[Records contained in a dataset]:
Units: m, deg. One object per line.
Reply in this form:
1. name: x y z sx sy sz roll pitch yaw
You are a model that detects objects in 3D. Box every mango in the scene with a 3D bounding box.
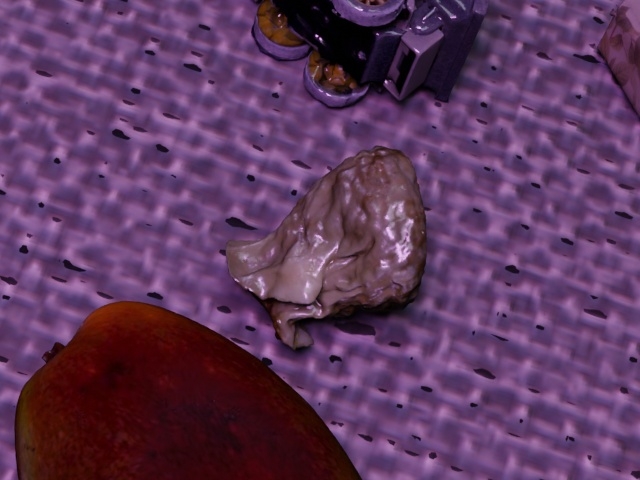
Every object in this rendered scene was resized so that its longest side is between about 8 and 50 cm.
1. mango: -0.035 0.142 0.725 0.133 0.111 0.268 -5 67 -26

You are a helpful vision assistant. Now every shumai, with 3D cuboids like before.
1. shumai: 0.000 0.000 0.832 0.080 0.082 0.083 -1 41 -10

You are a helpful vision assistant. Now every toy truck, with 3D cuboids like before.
1. toy truck: -0.003 -0.146 0.904 0.092 0.083 0.192 -37 75 -26

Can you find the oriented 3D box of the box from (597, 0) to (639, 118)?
1. box: 0.178 -0.071 0.918 0.062 0.045 0.098 -20 66 -21

[WHAT IS NEEDED]: Give the entries again word for word, but skip the pictures.

[EXPECTED ANSWER]:
Units: m, deg. One object per line.
Reply in this form:
1. name: x y z sx sy sz roll pitch yaw
You are a model that detects objects in 3D. Box every mango in the scene with a 3D bounding box.
Every object in this rendered scene was resized so that its longest side is between about 8 and 50 cm.
1. mango: -0.035 0.142 0.725 0.133 0.111 0.268 -5 67 -26

You are a helpful vision assistant. Now every shumai, with 3D cuboids like before.
1. shumai: 0.000 0.000 0.832 0.080 0.082 0.083 -1 41 -10

You are a helpful vision assistant. Now every toy truck, with 3D cuboids like before.
1. toy truck: -0.003 -0.146 0.904 0.092 0.083 0.192 -37 75 -26

Can you find the oriented 3D box of the box from (597, 0) to (639, 118)?
1. box: 0.178 -0.071 0.918 0.062 0.045 0.098 -20 66 -21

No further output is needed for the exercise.